# Distributor Rotor Head is Loose



## Sundermeyer (Sep 8, 2014)

Hello:

1987 Sentra (First Run) with a D4083-03D (22100-36A01) distributor. (HITACHI)

While performing basic maintenance on the ignition system, I noticed that the Rotor Head was sitting at an angle instead of level. The contact side was a millimeter or two lower than the opposite side and when I removed the head, I could see that the inner diameter of the head was larger than that of the shaft it sits on. I ordered the correct replacement part for the car, 22157-27M02, but it has the exact same dimensions as the old one.

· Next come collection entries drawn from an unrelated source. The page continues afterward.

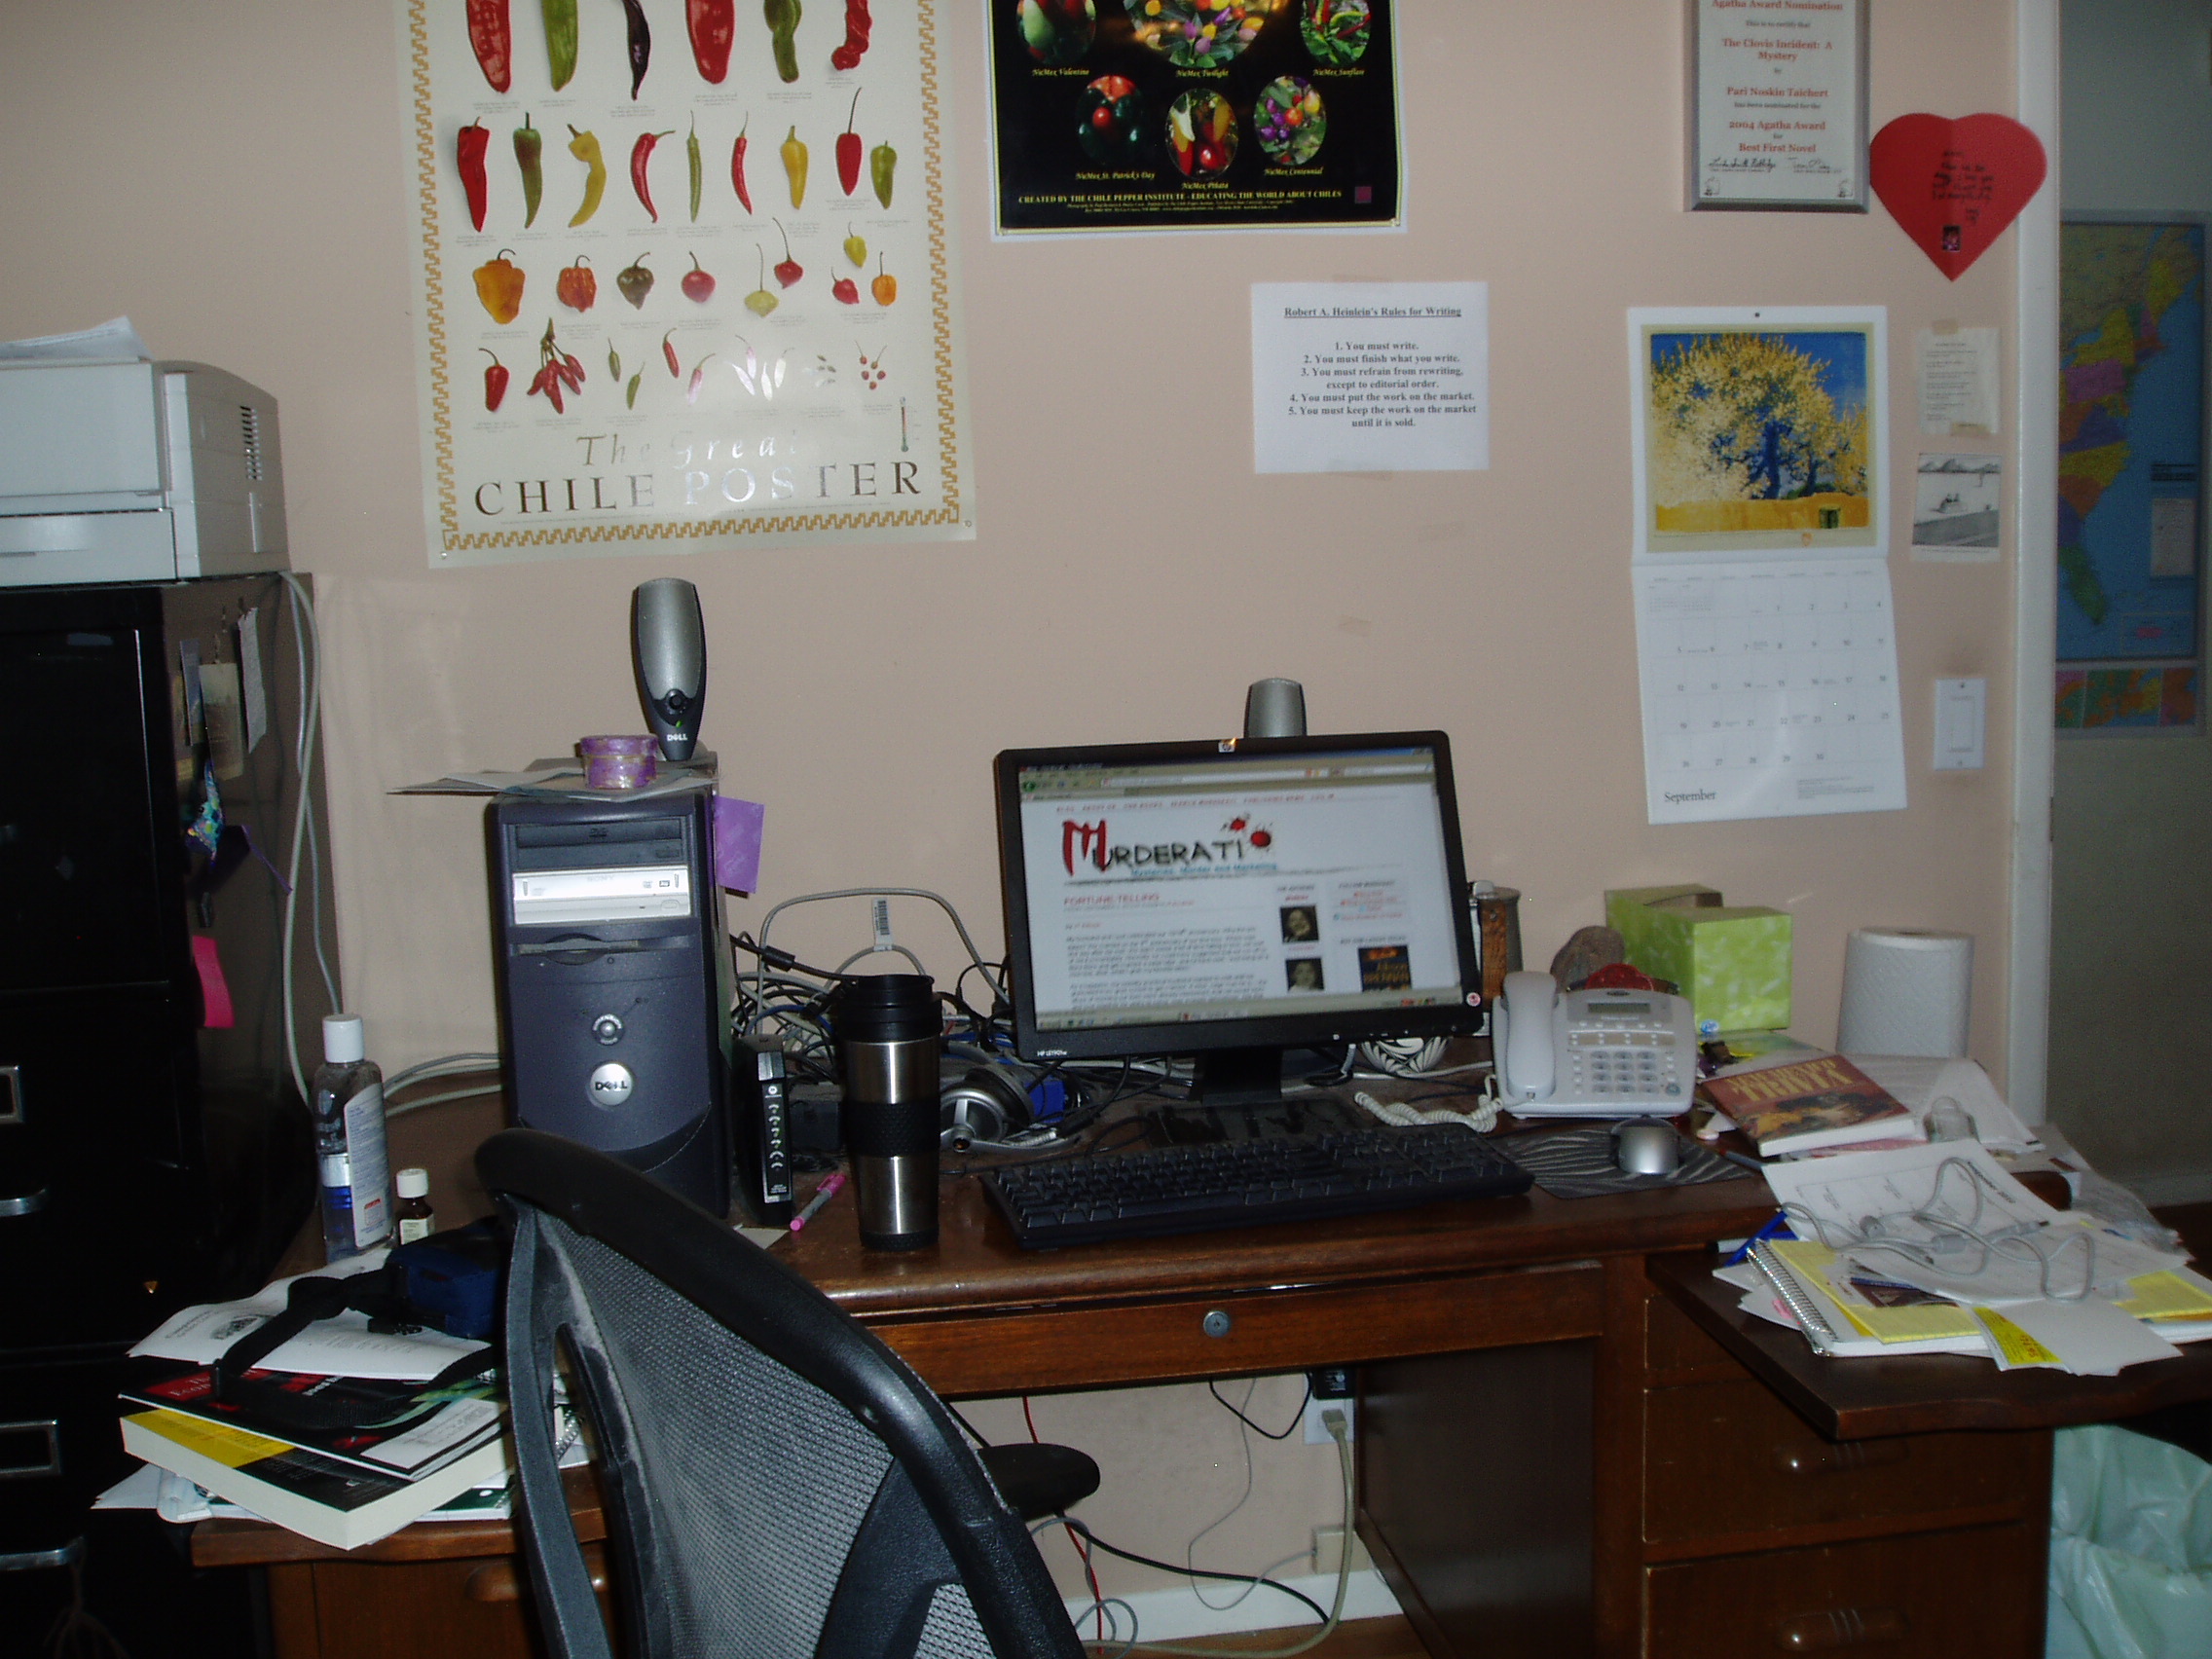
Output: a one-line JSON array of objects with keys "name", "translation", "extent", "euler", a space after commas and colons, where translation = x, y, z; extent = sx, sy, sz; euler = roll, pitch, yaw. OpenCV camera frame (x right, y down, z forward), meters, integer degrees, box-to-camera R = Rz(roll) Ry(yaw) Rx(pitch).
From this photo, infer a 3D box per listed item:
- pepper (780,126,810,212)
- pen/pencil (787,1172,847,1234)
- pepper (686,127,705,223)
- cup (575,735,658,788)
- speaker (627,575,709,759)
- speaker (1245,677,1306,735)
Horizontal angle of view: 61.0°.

From everything that I can gather online, it would appear that the original part for the car was of a different style and was replaced by a universal fitting one. The problem then is that I get reduced spark performance from the rotor not passing by the contacts in the cap correctly. The only thing I can think of doing to correct this is to make a custom sleeve to fit onto the shaft and in the new rotor head. I have put a temporary piece in it and it helps but until I can get a stronger metal in there, I will constantly be adjusting the alignment.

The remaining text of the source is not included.